Gen 3 autonomous agents will need ways to consult humans for input on various tasks. In order for these agents to perform actual useful work, they'll to do long-running things like communicate with humans and wait for a response. HumanLayer is a general-purpose framework for incorporating human feedback and approvals into agentic workflows.
- Durable Agent Execution: SmallChain implements something like async/await at the infrastructure layer, checkpointing a conversation chain whenever a tool call or agent delegation occurs, with the ability to resume from that checkpoint when the operation completes
- Dynamic Workflow Planning: Allow agents to reprioritize and replan their workflows mid-execution
- Simple + Observable Control Loop Architecture: SmallChain uses a simple, observable control loop architecture that allows for easy debugging and observability into agent execution.
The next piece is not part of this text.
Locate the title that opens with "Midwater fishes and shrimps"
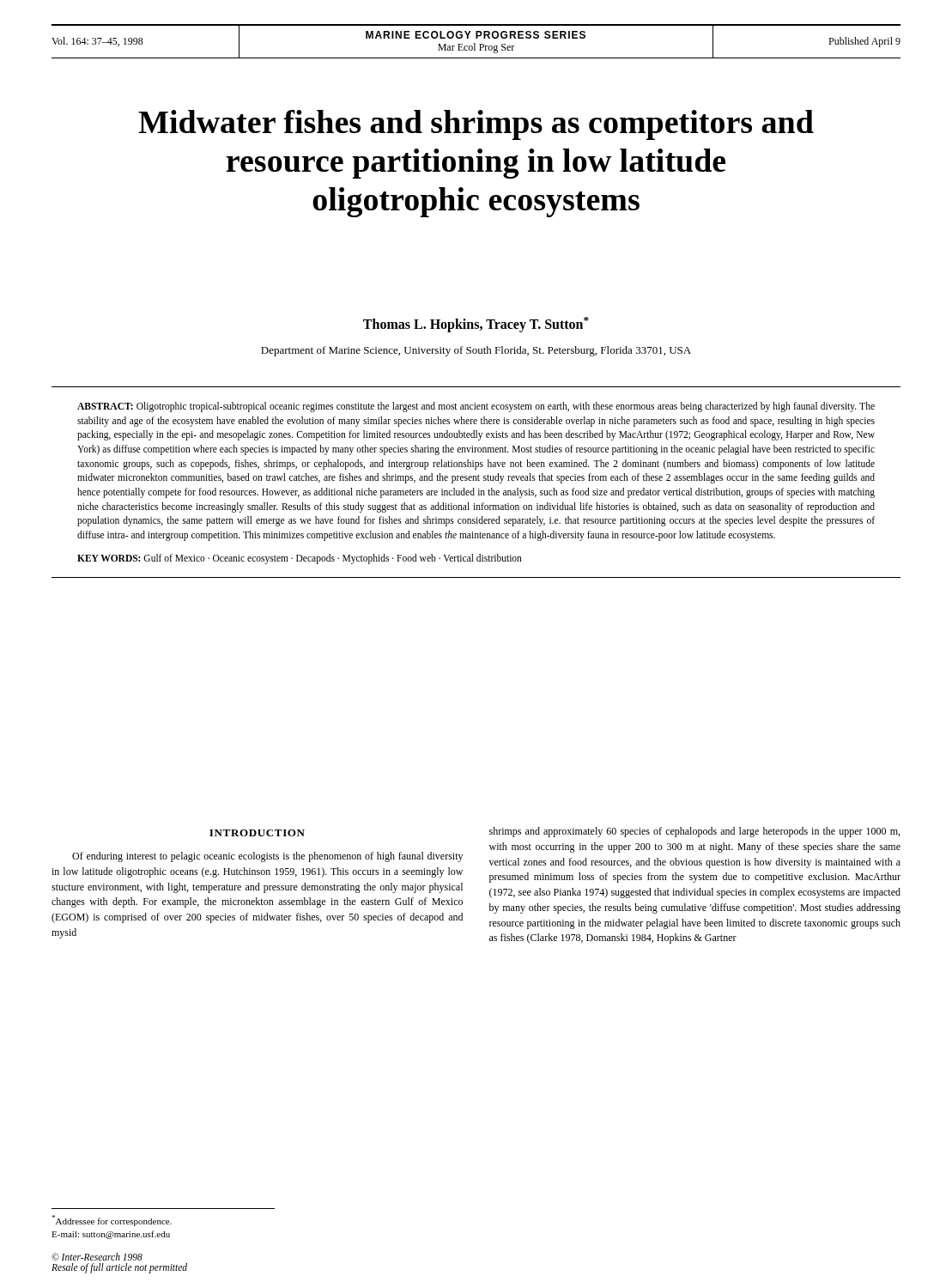This screenshot has width=952, height=1288. click(476, 161)

- Human Approvals and Input: Support for durable task execution across long-running function calls means a simple tool-based interface to allow an agent to ask a human for input or wait for an approval
- Self-Managing Agents: Built in tools for agents to manage and budget their own spend and usage, like
check_current_spend_since()
andsleep_until()
. Give agents an hourly or daily budget for work, and let them prioritize their own work or decide when to take a break. Or, configure hard limits on spend or time to prevent runaway agents.
Feature | Status |
---|---|
Local SQLite Runtime | 🚧 Alpha |
Tool Calling Support | 🚧 Work in progress |
Configurable LLMs | 🚧 Work in progress |
External Callbacks for Tool Calls | 🗓️ Planned |
Kubernetes Runtime | 🗓️ Planned |
SmallChain is open-source and we welcome contributions in the form of issues, documentation, pull requests, and more. See CONTRIBUTING.md for more details.
SmallChain is licensed under the Apache 2 License.